For further information on the basis of our approach and the definitions of
certain non-financial metrics, refer to the 2024 Basis of Reporting, which is
available on our website at glencore.com/publications.

Subject to any terms implied by law which cannot be excluded, Glencore accepts
no responsibility for any loss, damage, cost or expense (whether direct or
indirect) incurred by any person as a result of any error, omission or
misrepresentation in information in this document.

Other information

The companies in which Glencore plc directly and indirectly has an interest
are separate and distinct legal entities.
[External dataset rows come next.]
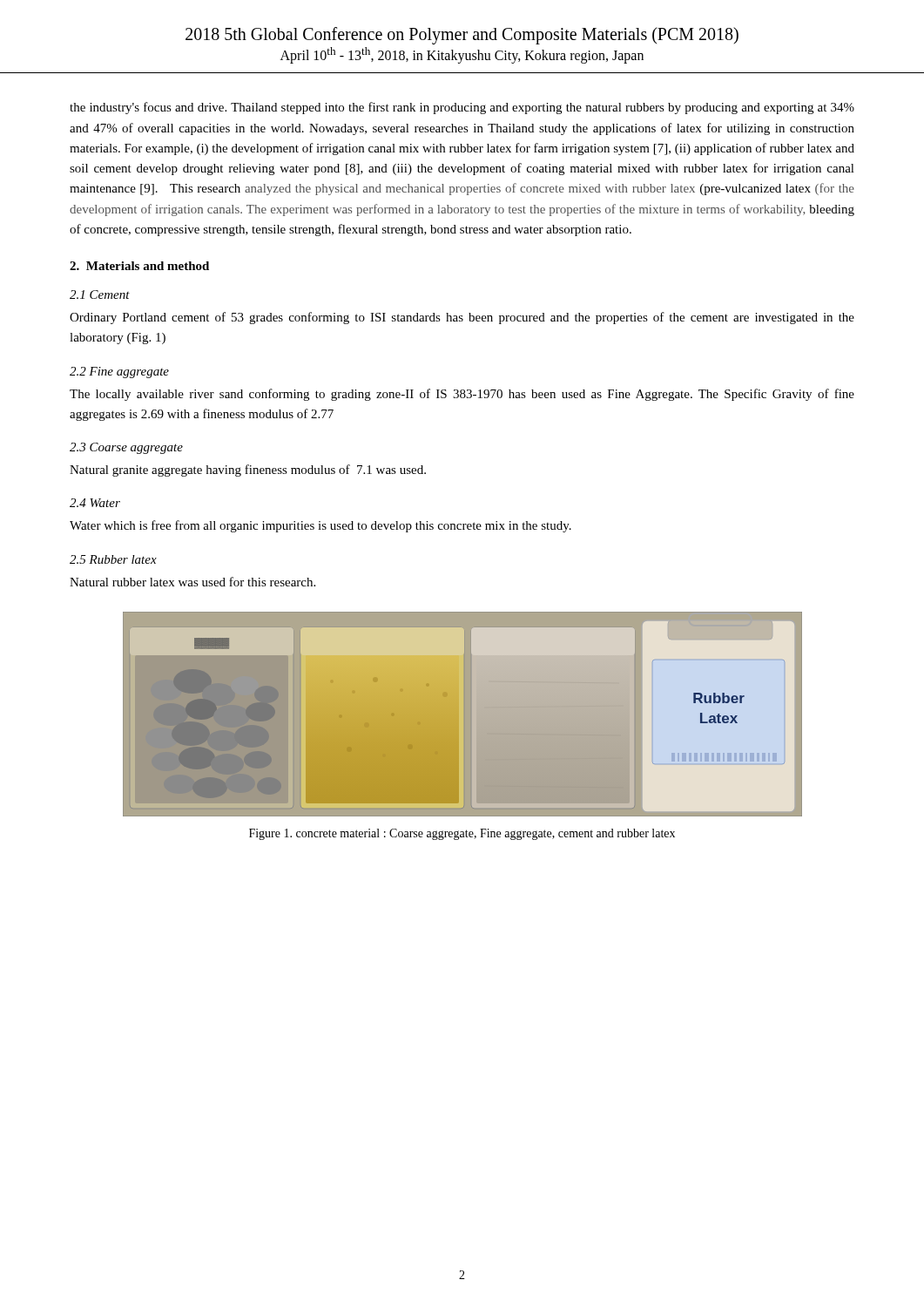Locate the caption that opens with "Figure 1. concrete material : Coarse"
Screen dimensions: 1307x924
point(462,833)
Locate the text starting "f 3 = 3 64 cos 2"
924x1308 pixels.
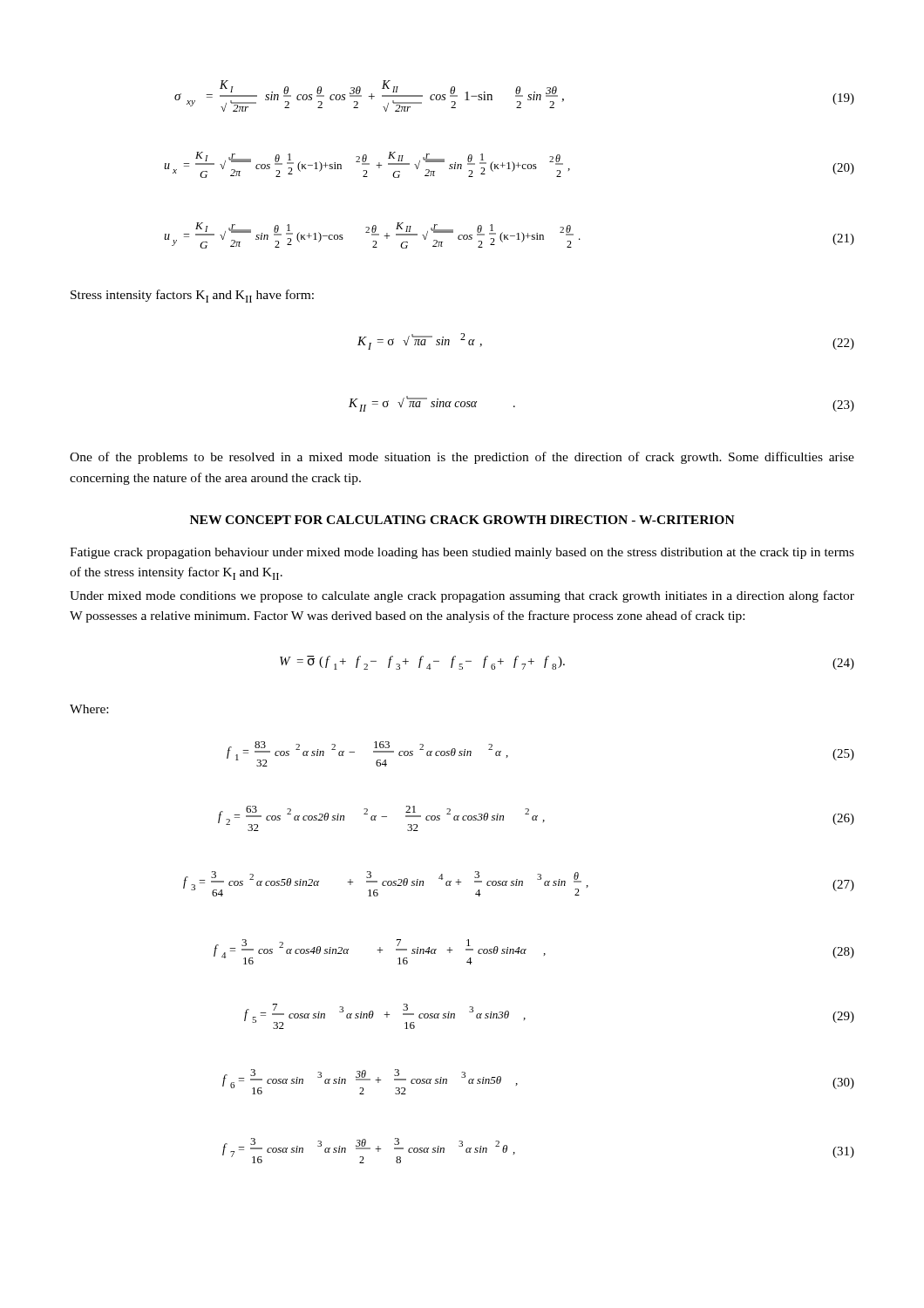[516, 885]
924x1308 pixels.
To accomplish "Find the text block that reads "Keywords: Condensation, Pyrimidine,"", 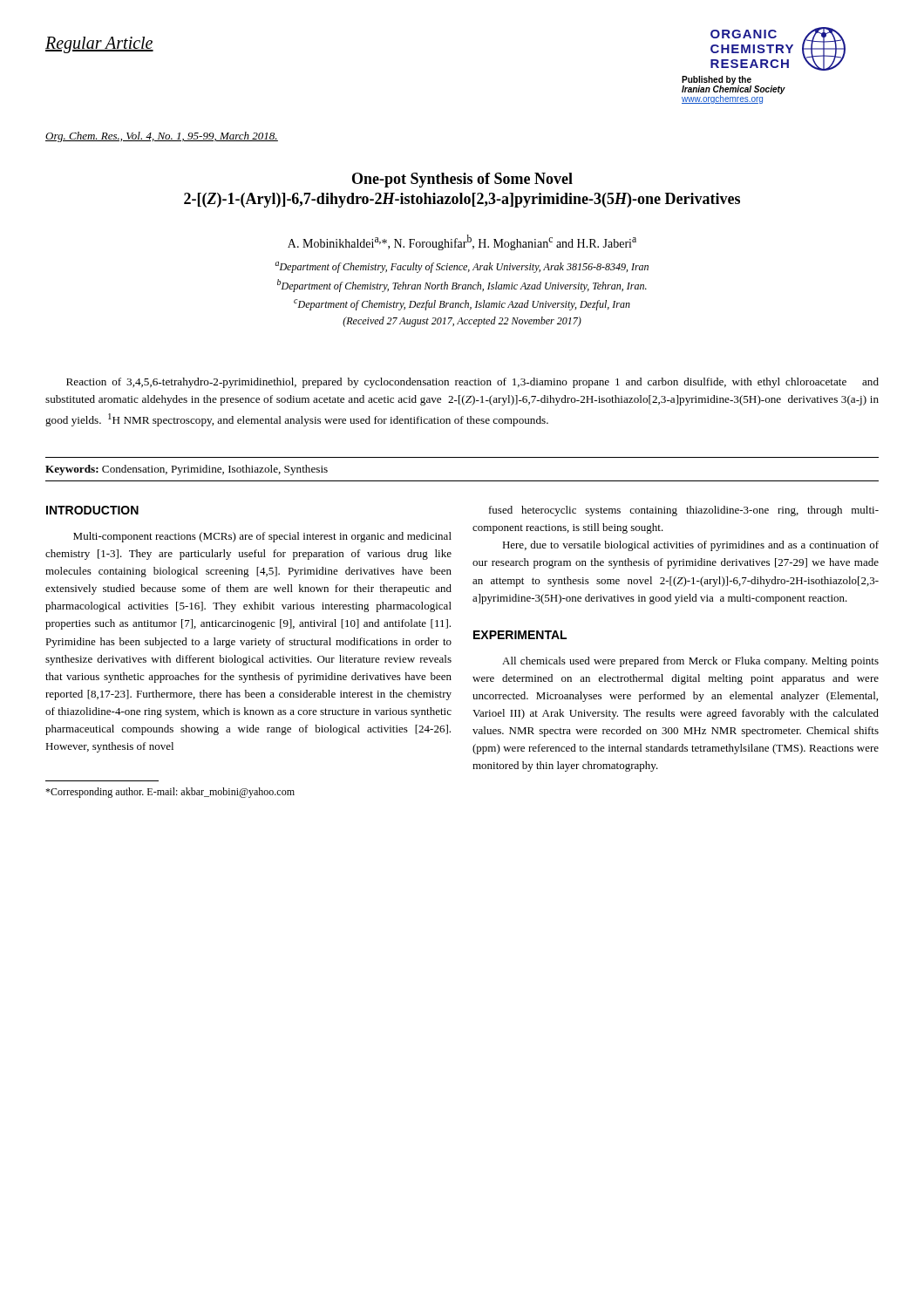I will coord(187,469).
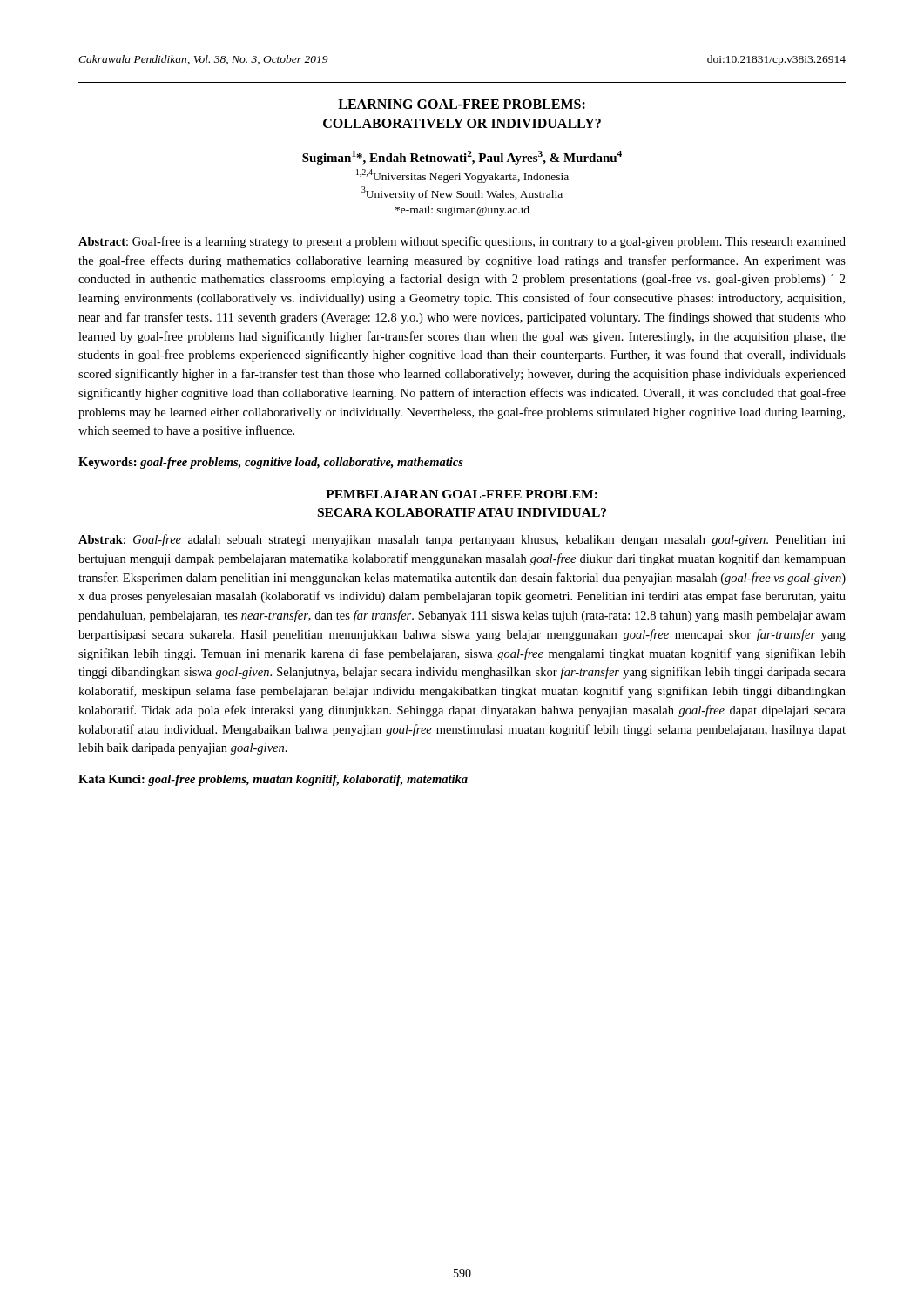Locate the block of text that opens with "Sugiman1*, Endah Retnowati2, Paul Ayres3,"
This screenshot has height=1307, width=924.
(462, 182)

In this document, "Glencore",
"Glencore group" and "Group" are used for convenience only where references
are made to Glencore plc and its subsidiaries in general. These collective
expressions are used for ease of reference only and do not imply any other
relationship between the companies. Likewise, the words "we", "us" and "our"
are also used to refer collectively to members of the Group or to those who
work for them. These expressions are also used where no useful purpose is
served by identifying the particular company or companies.